Source records:
■ ■ ■ ■

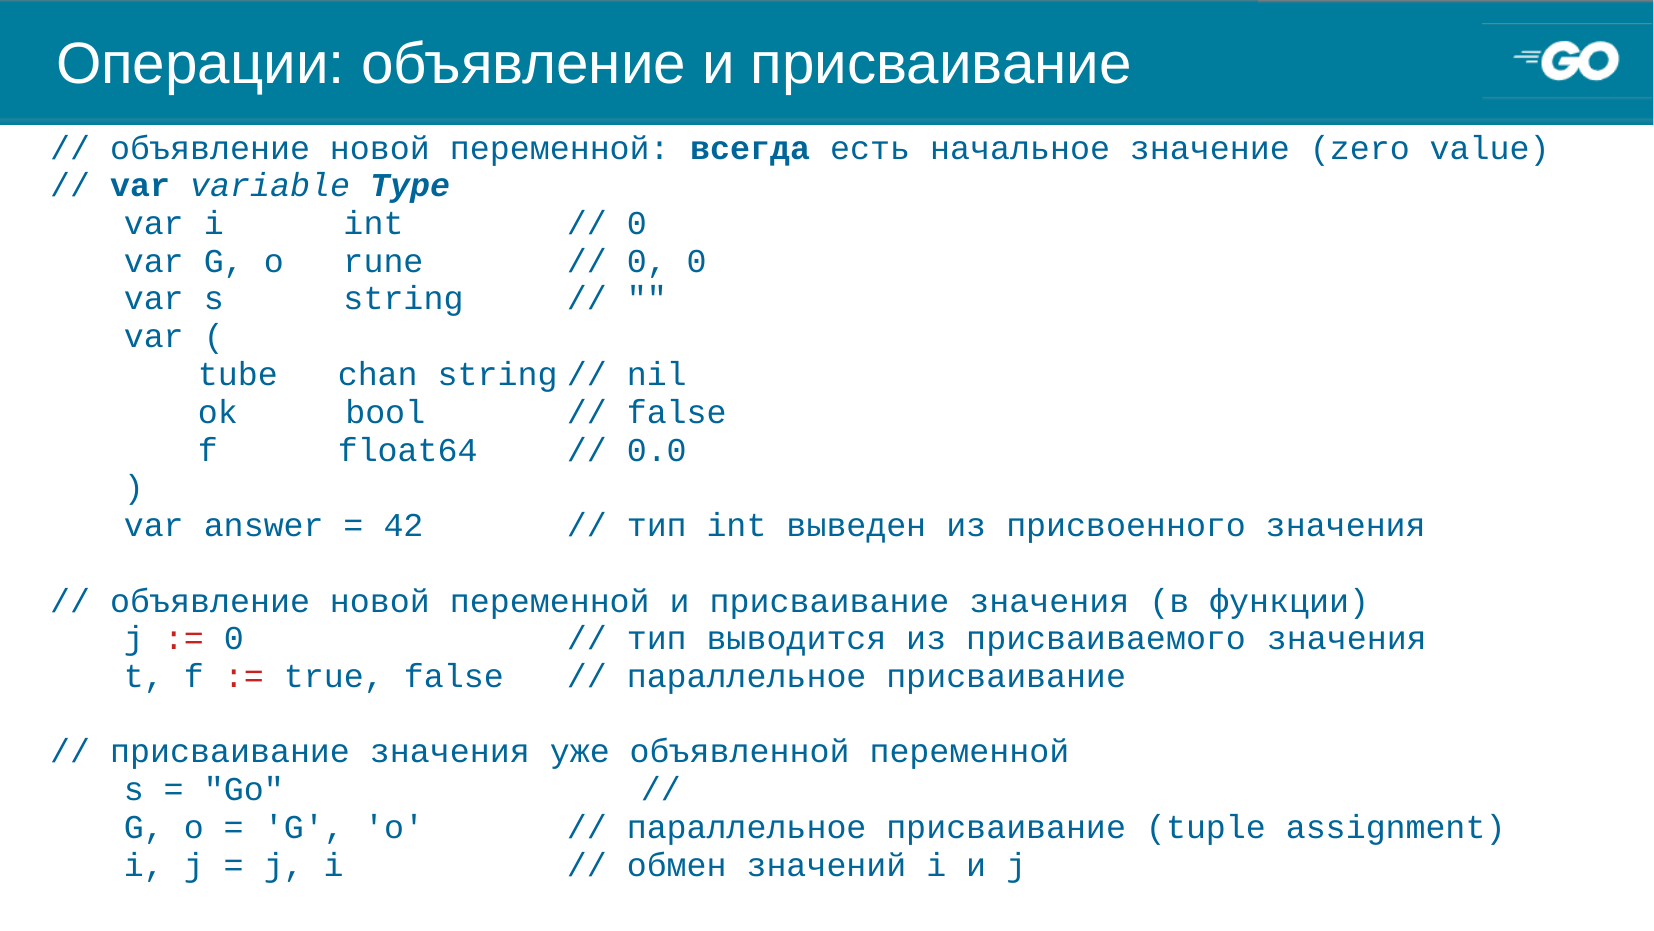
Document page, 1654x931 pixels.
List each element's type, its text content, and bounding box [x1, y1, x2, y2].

text_box Операции: объявление и присваивание [41, 23, 1495, 104]
picture [1542, 41, 1619, 81]
text_box // объявление новой переменной: всегда есть начальное значение (zero value) // var variable Type var i int // 0 var G, o rune // 0, 0 var s string // "" var ( tube chan string // nil ok bool // false f float64 // 0.0 ) var answer = 42 // тип int выведен из присвоенного значения // объявление новой переменной и присваивание значения (в функции) j := 0 // тип выводится из присваиваемого значения t, f := true, false // параллельное присваивание // присваивание значения уже объявленной переменной s = "Go" // G, o = 'G', 'o' // параллельное присваивание (tuple assignment) i, j = j, i // обмен значений i и j [35, 124, 1619, 898]
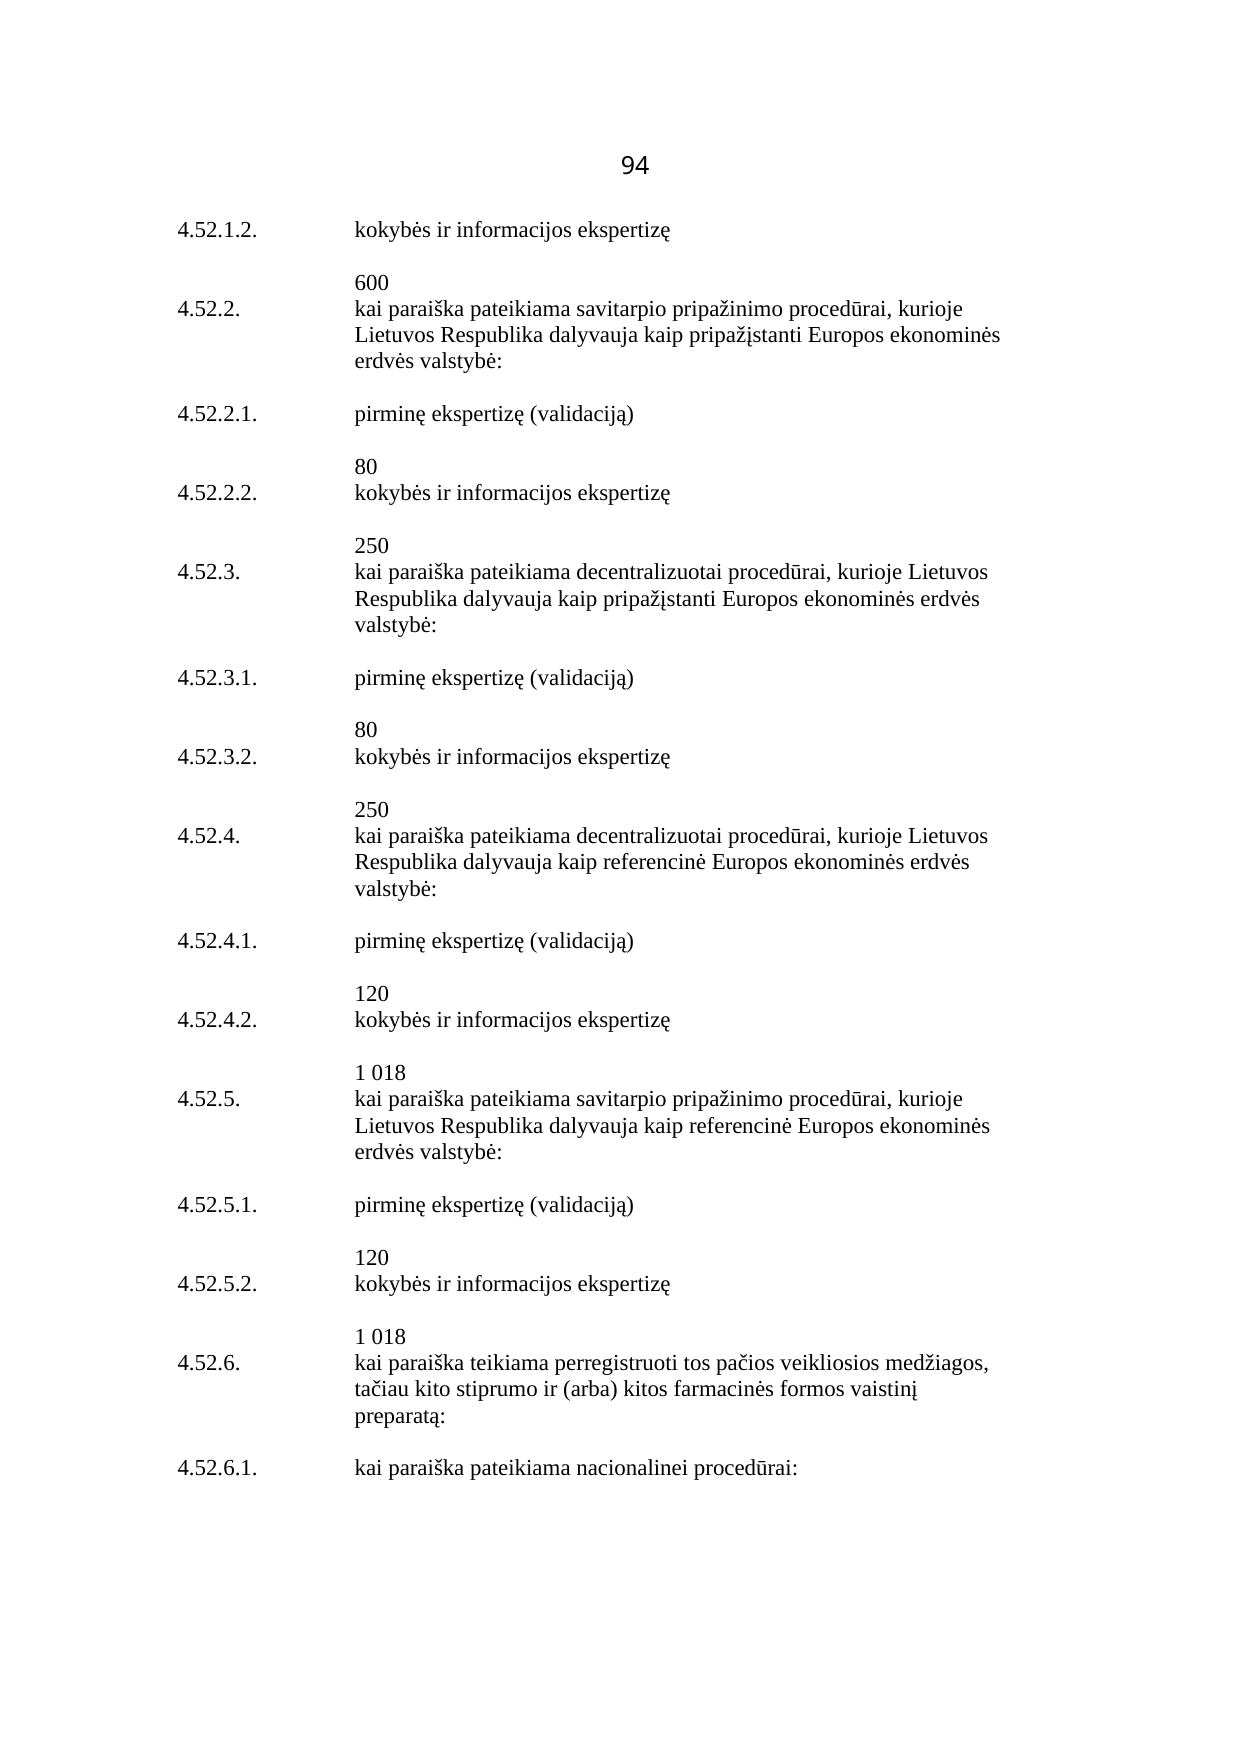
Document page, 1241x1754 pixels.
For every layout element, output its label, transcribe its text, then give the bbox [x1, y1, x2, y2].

text 4.52.1.2. kokybės ir informacijos ekspertizę 600 [177, 216, 1004, 295]
text 4.52.6. kai paraiška teikiama perregistruoti tos pačios veikliosios medžiagos, tačiau kito stiprumo ir (arba) kitos farmacinės formos vaistinį preparatą: [177, 1349, 1004, 1454]
text 4.52.2.1. pirminę ekspertizę (validaciją) 80 [177, 400, 1004, 479]
text 4.52.5.2. kokybės ir informacijos ekspertizę 1 018 [177, 1270, 1004, 1349]
text 4.52.5.1. pirminę ekspertizę (validaciją) 120 [177, 1191, 1004, 1270]
text 4.52.4.1. pirminę ekspertizę (validaciją) 120 [177, 927, 1004, 1006]
text 4.52.6.1. kai paraiška pateikiama nacionalinei procedūrai: [177, 1454, 1004, 1507]
text 4.52.5. kai paraiška pateikiama savitarpio pripažinimo procedūrai, kurioje Lietuvos Respublika dalyvauja kaip referencinė Europos ekonominės erdvės valstybė: [177, 1086, 1004, 1191]
text 4.52.4. kai paraiška pateikiama decentralizuotai procedūrai, kurioje Lietuvos Respublika dalyvauja kaip referencinė Europos ekonominės erdvės valstybė: [177, 822, 1004, 927]
text 4.52.2. kai paraiška pateikiama savitarpio pripažinimo procedūrai, kurioje Lietuvos Respublika dalyvauja kaip pripažįstanti Europos ekonominės erdvės valstybė: [177, 295, 1004, 400]
text 4.52.3.1. pirminę ekspertizę (validaciją) 80 [177, 664, 1004, 743]
text 4.52.3. kai paraiška pateikiama decentralizuotai procedūrai, kurioje Lietuvos Respublika dalyvauja kaip pripažįstanti Europos ekonominės erdvės valstybė: [177, 558, 1004, 664]
text 4.52.2.2. kokybės ir informacijos ekspertizę 250 [177, 479, 1004, 558]
text 4.52.3.2. kokybės ir informacijos ekspertizę 250 [177, 743, 1004, 822]
text 4.52.4.2. kokybės ir informacijos ekspertizę 1 018 [177, 1006, 1004, 1086]
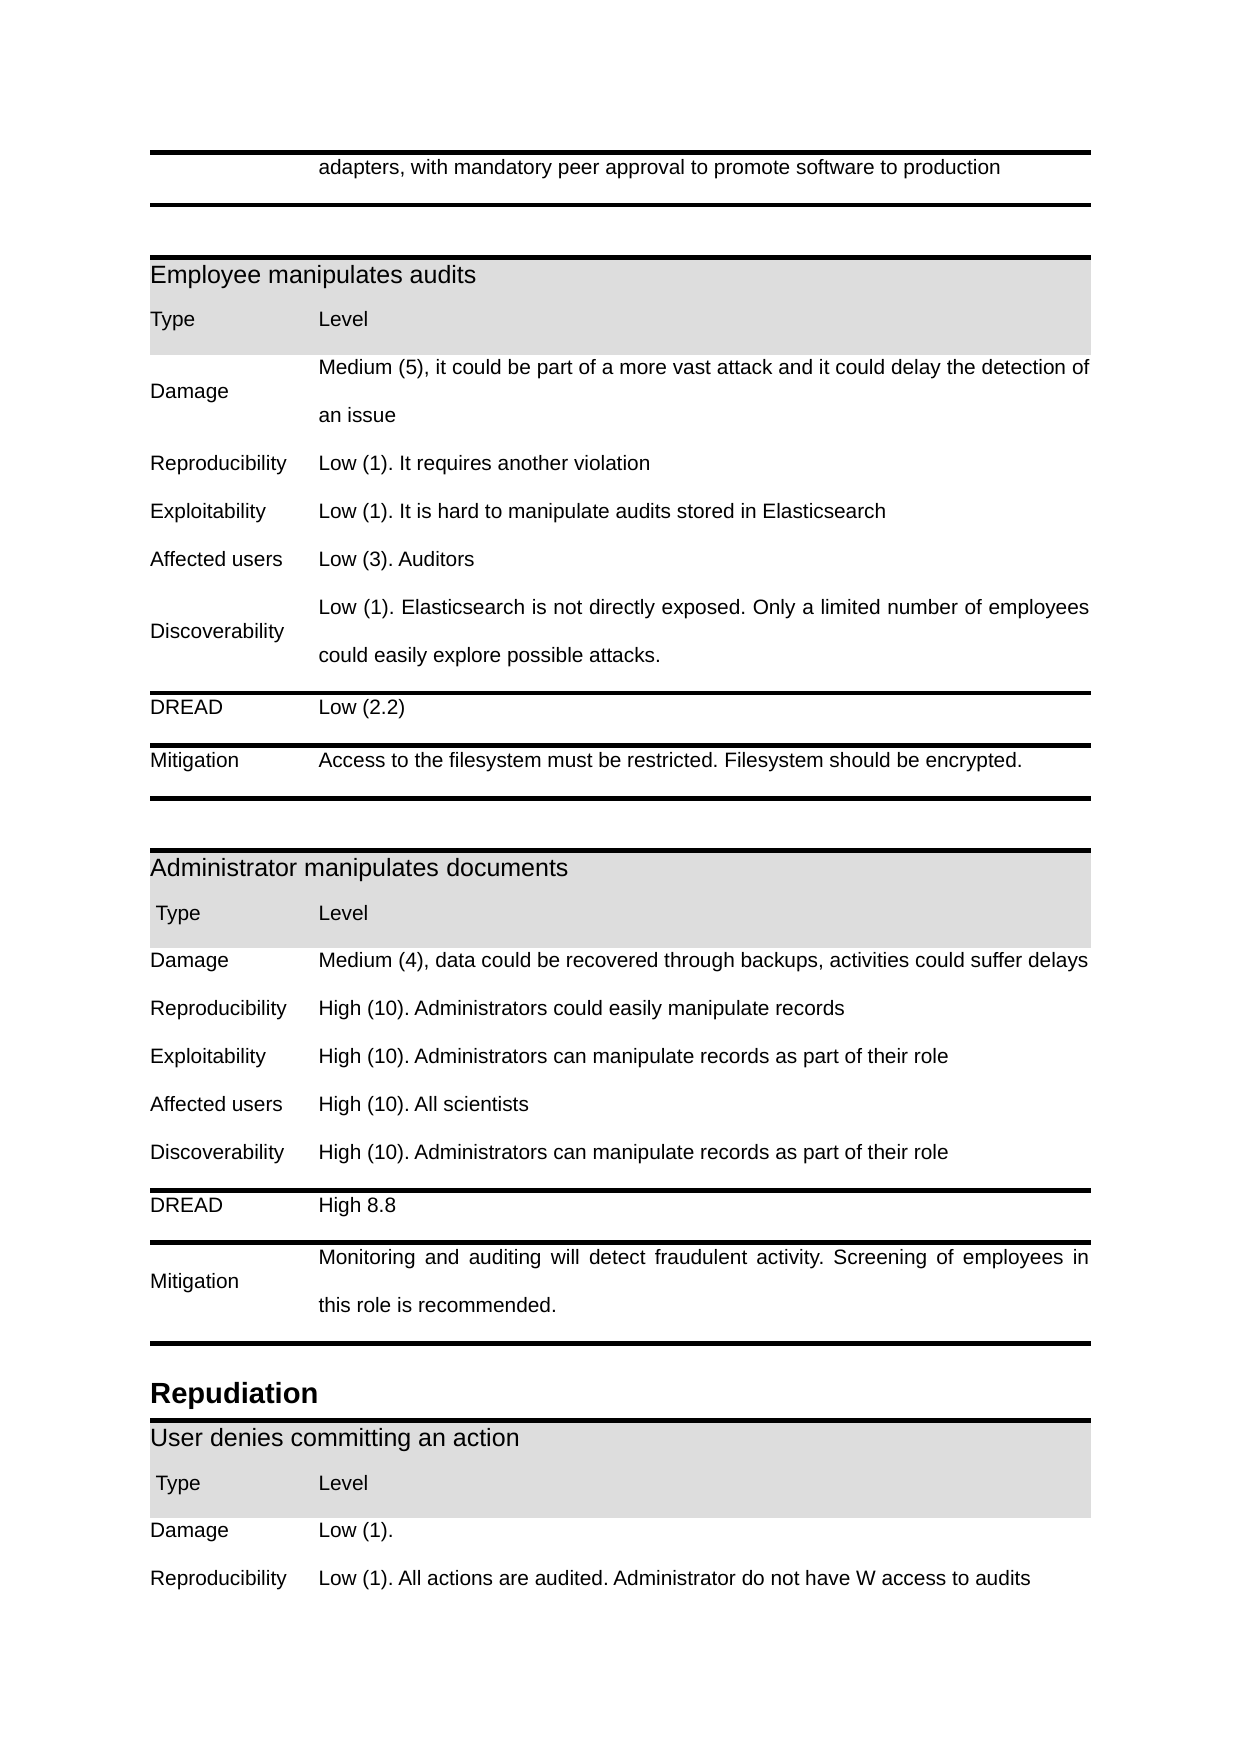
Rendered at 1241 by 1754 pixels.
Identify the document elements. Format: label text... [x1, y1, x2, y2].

■ ■ ■ ■

TO DO: Nothing but the lines from the one with "List each element's" to the one with "Document page, 1241x1754 pixels." above, both included, should be transcribed, exactly and without pictures.

RESPONSE BELOW:
List each element's type, its text content, and bounding box [x1, y1, x2, y2].

text_box Операции: объявление и присваивание [41, 23, 1495, 104]
picture [1542, 41, 1619, 81]
text_box // объявление новой переменной: всегда есть начальное значение (zero value) // var variable Type var i int // 0 var G, o rune // 0, 0 var s string // "" var ( tube chan string // nil ok bool // false f float64 // 0.0 ) var answer = 42 // тип int выведен из присвоенного значения // объявление новой переменной и присваивание значения (в функции) j := 0 // тип выводится из присваиваемого значения t, f := true, false // параллельное присваивание // присваивание значения уже объявленной переменной s = "Go" // G, o = 'G', 'o' // параллельное присваивание (tuple assignment) i, j = j, i // обмен значений i и j [35, 124, 1619, 898]
Document page, 1241x1754 pixels.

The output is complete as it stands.